**YOUR ASSIGNMENT:**
Repeat the records below exactly. Omit the pictures.

Stored data entries
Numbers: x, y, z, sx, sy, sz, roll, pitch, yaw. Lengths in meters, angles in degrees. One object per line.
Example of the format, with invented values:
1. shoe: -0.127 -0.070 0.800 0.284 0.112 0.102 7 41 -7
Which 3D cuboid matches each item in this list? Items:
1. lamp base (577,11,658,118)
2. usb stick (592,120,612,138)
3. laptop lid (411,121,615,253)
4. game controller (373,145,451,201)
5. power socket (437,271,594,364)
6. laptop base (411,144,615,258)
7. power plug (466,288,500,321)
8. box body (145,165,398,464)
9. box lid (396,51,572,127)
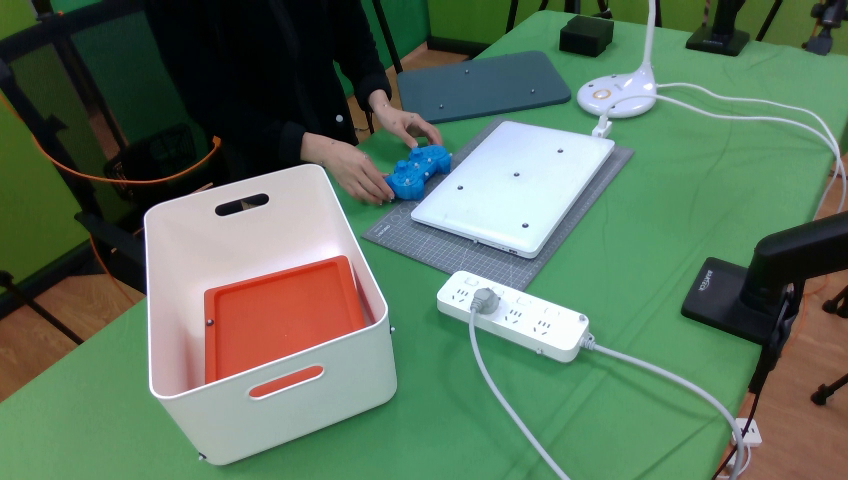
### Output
1. lamp base: 0.406 -0.363 1.222 0.180 0.181 0.159 -20 42 -18
2. usb stick: 0.335 -0.203 1.149 0.021 0.027 0.059 25 53 26
3. laptop lid: 0.164 -0.112 1.068 0.240 0.013 0.357 19 46 31
4. game controller: -0.018 -0.130 1.111 0.096 0.052 0.155 22 49 26
5. power socket: 0.118 0.102 0.830 0.225 0.033 0.072 20 48 28
6. laptop base: 0.167 -0.102 1.074 0.234 0.023 0.355 16 45 30
7. power plug: 0.072 0.093 0.813 0.035 0.053 0.073 30 54 35
8. box body: -0.205 0.080 0.802 0.255 0.161 0.361 -18 41 -13
9. box lid: 0.128 -0.350 1.380 0.372 0.015 0.261 -10 41 -2

**RESPONSE AREA:**
Numbers: x, y, z, sx, sy, sz, roll, pitch, yaw. Lengths in meters, angles in degrees. One object per line.
Example of the format, with invented values:
1. shoe: -0.127 -0.070 0.800 0.284 0.112 0.102 7 41 -7
Which 3D cuboid matches each item in this list? Items:
1. lamp base (577,11,658,118)
2. usb stick (592,120,612,138)
3. laptop lid (411,121,615,253)
4. game controller (373,145,451,201)
5. power socket (437,271,594,364)
6. laptop base (411,144,615,258)
7. power plug (466,288,500,321)
8. box body (145,165,398,464)
9. box lid (396,51,572,127)
### Output
1. lamp base: 0.406 -0.363 1.222 0.180 0.181 0.159 -20 42 -18
2. usb stick: 0.335 -0.203 1.149 0.021 0.027 0.059 25 53 26
3. laptop lid: 0.164 -0.112 1.068 0.240 0.013 0.357 19 46 31
4. game controller: -0.018 -0.130 1.111 0.096 0.052 0.155 22 49 26
5. power socket: 0.118 0.102 0.830 0.225 0.033 0.072 20 48 28
6. laptop base: 0.167 -0.102 1.074 0.234 0.023 0.355 16 45 30
7. power plug: 0.072 0.093 0.813 0.035 0.053 0.073 30 54 35
8. box body: -0.205 0.080 0.802 0.255 0.161 0.361 -18 41 -13
9. box lid: 0.128 -0.350 1.380 0.372 0.015 0.261 -10 41 -2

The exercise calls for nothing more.